Are you enrolled in obedience classes with Stuart? These issues are mitigated with obedience training and proper exercise. It really is time and training, he's still a big puppy.

I strongly agree with the above advice about retractable leashes, Stuart should not be on one at this point. They are a major safety hazard and with a big strong dog who is unruly they are a recipe for disaster. I know of too many stories where the line snaps, or the line wraps around someone's finger or ankle and causes an incredibly deep cut. Also know of a girl who lost an eye when the line snapped, and multiple stories of dogs getting hit by cars when the owner mishandled the safety catch. Stuart is not a good candidate for one at this stage of his training.

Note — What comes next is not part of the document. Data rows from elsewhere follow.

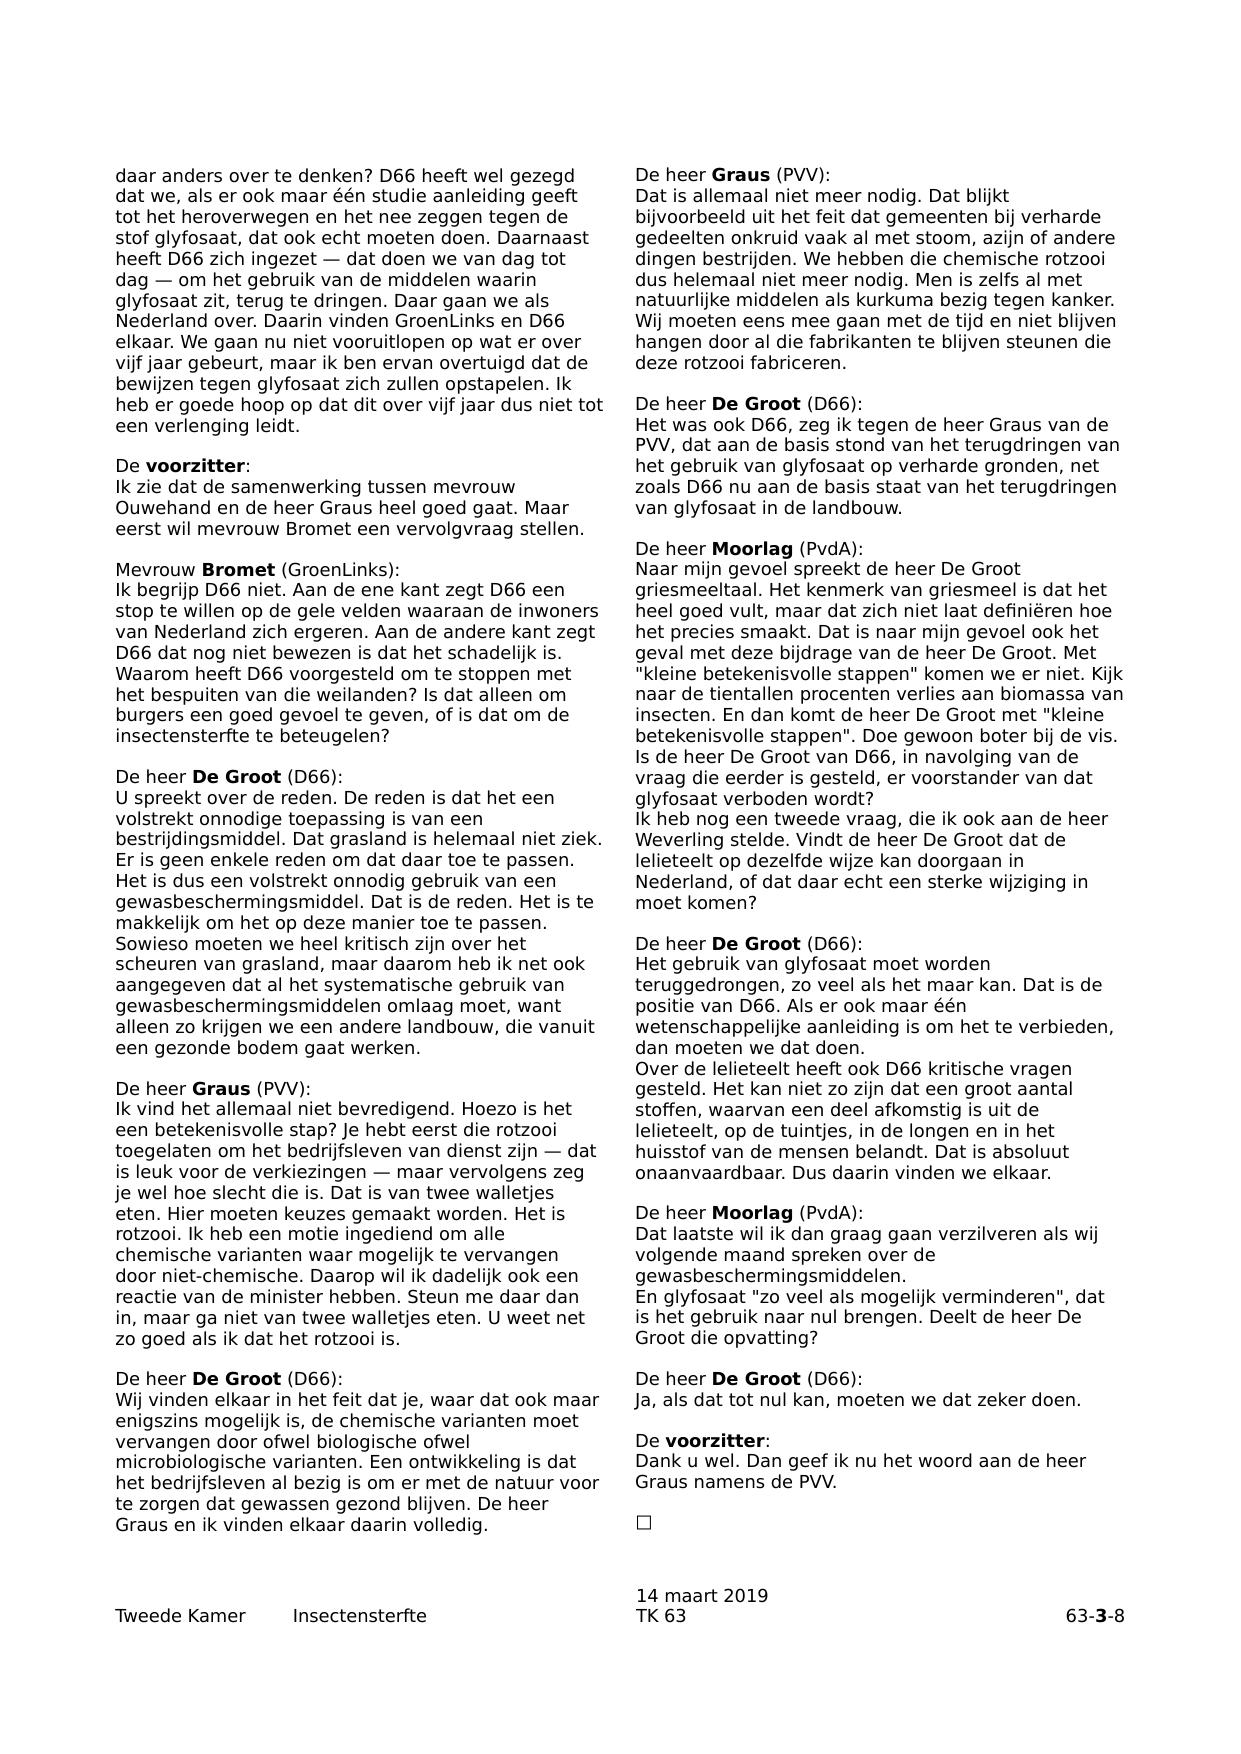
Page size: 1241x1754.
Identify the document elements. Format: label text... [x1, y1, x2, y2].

text De heer Moorlag (PvdA): [635, 538, 1125, 559]
text Mevrouw Bromet (GroenLinks): [115, 559, 605, 580]
text Ik vind het allemaal niet bevredigend. Hoezo is het een betekenisvolle stap? Je hebt eerst die rotzooi toegelaten om het bedrijfsleven van dienst zijn — dat is leuk voor de verkiezingen — maar vervolgens zeg je wel hoe slecht die is. Dat is van twee walletjes eten. Hier moeten keuzes gemaakt worden. Het is rotzooi. Ik heb een motie ingediend om alle chemische varianten waar mogelijk te vervangen door niet-chemische. Daarop wil ik dadelijk ook een reactie van de minister hebben. Steun me daar dan in, maar ga niet van twee walletjes eten. U weet net zo goed als ik dat het rotzooi is. [115, 1099, 605, 1349]
text De heer De Groot (D66): [635, 393, 1125, 414]
text Over de lelieteelt heeft ook D66 kritische vragen gesteld. Het kan niet zo zijn dat een groot aantal stoffen, waarvan een deel afkomstig is uit de lelieteelt, op de tuintjes, in de longen en in het huisstof van de mensen belandt. Dat is absoluut onaanvaardbaar. Dus daarin vinden we elkaar. [635, 1058, 1125, 1183]
text De heer Graus (PVV): [635, 165, 1125, 186]
text Het gebruik van glyfosaat moet worden teruggedrongen, zo veel als het maar kan. Dat is de positie van D66. Als er ook maar één wetenschappelijke aanleiding is om het te verbieden, dan moeten we dat doen. [635, 954, 1125, 1058]
text De heer De Groot (D66): [115, 1369, 605, 1390]
text En glyfosaat "zo veel als mogelijk verminderen", dat is het gebruik naar nul brengen. Deelt de heer De Groot die opvatting? [635, 1286, 1125, 1349]
text De heer Graus (PVV): [115, 1078, 605, 1099]
text Wij vinden elkaar in het feit dat je, waar dat ook maar enigszins mogelijk is, de chemische varianten moet vervangen door ofwel biologische ofwel microbiologische varianten. Een ontwikkeling is dat het bedrijfsleven al bezig is om er met de natuur voor te zorgen dat gewassen gezond blijven. De heer Graus en ik vinden elkaar daarin volledig. [115, 1390, 605, 1536]
text De voorzitter: [115, 456, 605, 477]
text Ik begrijp D66 niet. Aan de ene kant zegt D66 een stop te willen op de gele velden waaraan de inwoners van Nederland zich ergeren. Aan de andere kant zegt D66 dat nog niet bewezen is dat het schadelijk is. Waarom heeft D66 voorgesteld om te stoppen met het bespuiten van die weilanden? Is dat alleen om burgers een goed gevoel te geven, of is dat om de insectensterfte te beteugelen? [115, 580, 605, 747]
text Ik heb nog een tweede vraag, die ik ook aan de heer Weverling stelde. Vindt de heer De Groot dat de lelieteelt op dezelfde wijze kan doorgaan in Nederland, of dat daar echt een sterke wijziging in moet komen? [635, 809, 1125, 913]
text De heer De Groot (D66): [635, 933, 1125, 954]
text Dat laatste wil ik dan graag gaan verzilveren als wij volgende maand spreken over de gewasbeschermingsmiddelen. [635, 1224, 1125, 1286]
text Dank u wel. Dan geef ik nu het woord aan de heer Graus namens de PVV. [635, 1451, 1125, 1493]
text U spreekt over de reden. De reden is dat het een volstrekt onnodige toepassing is van een bestrijdingsmiddel. Dat grasland is helemaal niet ziek. Er is geen enkele reden om dat daar toe te passen. Het is dus een volstrekt onnodig gebruik van een gewasbeschermingsmiddel. Dat is de reden. Het is te makkelijk om het op deze manier toe te passen. Sowieso moeten we heel kritisch zijn over het scheuren van grasland, maar daarom heb ik net ook aangegeven dat al het systematische gebruik van gewasbeschermingsmiddelen omlaag moet, want alleen zo krijgen we een andere landbouw, die vanuit een gezonde bodem gaat werken. [115, 787, 605, 1058]
text daar anders over te denken? D66 heeft wel gezegd dat we, als er ook maar één studie aanleiding geeft tot het heroverwegen en het nee zeggen tegen de stof glyfosaat, dat ook echt moeten doen. Daarnaast heeft D66 zich ingezet — dat doen we van dag tot dag — om het gebruik van de middelen waarin glyfosaat zit, terug te dringen. Daar gaan we als Nederland over. Daarin vinden GroenLinks en D66 elkaar. We gaan nu niet vooruitlopen op wat er over vijf jaar gebeurt, maar ik ben ervan overtuigd dat de bewijzen tegen glyfosaat zich zullen opstapelen. Ik heb er goede hoop op dat dit over vijf jaar dus niet tot een verlenging leidt. [115, 165, 605, 436]
text Ik zie dat de samenwerking tussen mevrouw Ouwehand en de heer Graus heel goed gaat. Maar eerst wil mevrouw Bromet een vervolgvraag stellen. [115, 477, 605, 539]
text Naar mijn gevoel spreekt de heer De Groot griesmeeltaal. Het kenmerk van griesmeel is dat het heel goed vult, maar dat zich niet laat definiëren hoe het precies smaakt. Dat is naar mijn gevoel ook het geval met deze bijdrage van de heer De Groot. Met "kleine betekenisvolle stappen" komen we er niet. Kijk naar de tientallen procenten verlies aan biomassa van insecten. En dan komt de heer De Groot met "kleine betekenisvolle stappen". Doe gewoon boter bij de vis. Is de heer De Groot van D66, in navolging van de vraag die eerder is gesteld, er voorstander van dat glyfosaat verboden wordt? [635, 559, 1125, 809]
text De heer De Groot (D66): [635, 1369, 1125, 1390]
text Ja, als dat tot nul kan, moeten we dat zeker doen. [635, 1390, 1125, 1411]
text De voorzitter: [635, 1431, 1125, 1451]
text De heer De Groot (D66): [115, 767, 605, 787]
text Dat is allemaal niet meer nodig. Dat blijkt bijvoorbeeld uit het feit dat gemeenten bij verharde gedeelten onkruid vaak al met stoom, azijn of andere dingen bestrijden. We hebben die chemische rotzooi dus helemaal niet meer nodig. Men is zelfs al met natuurlijke middelen als kurkuma bezig tegen kanker. Wij moeten eens mee gaan met de tijd en niet blijven hangen door al die fabrikanten te blijven steunen die deze rotzooi fabriceren. [635, 186, 1125, 373]
text De heer Moorlag (PvdA): [635, 1203, 1125, 1224]
text Het was ook D66, zeg ik tegen de heer Graus van de PVV, dat aan de basis stond van het terugdringen van het gebruik van glyfosaat op verharde gronden, net zoals D66 nu aan de basis staat van het terugdringen van glyfosaat in de landbouw. [635, 414, 1125, 518]
text ⬜ [635, 1513, 1125, 1534]

A prong collar is an obedience tool that is perfectly safe when properly fitted by an experienced person and used correctly by the handler. However, it's unfair to use it on a puppy if he has not been formally trained with consistent attention to leash manners. I will say that if you have had him in classes and been working with him on proper leash manners on a consistent basis it is better to use the collar then to risk further permanent injury to yourself.

I suggest that your wife walk Stuart and work on his leash manners so that you are not at risk. Eye contact, speaking to him, rewarding good behavior and keeping attention with treats are all part of that approach. A good trainer can help with this and is worth every penny if you're not attending classes. A firm, no nonsense approach to the arm biting is needed. That needs to stop immediately, he's playing but it's not acceptable. 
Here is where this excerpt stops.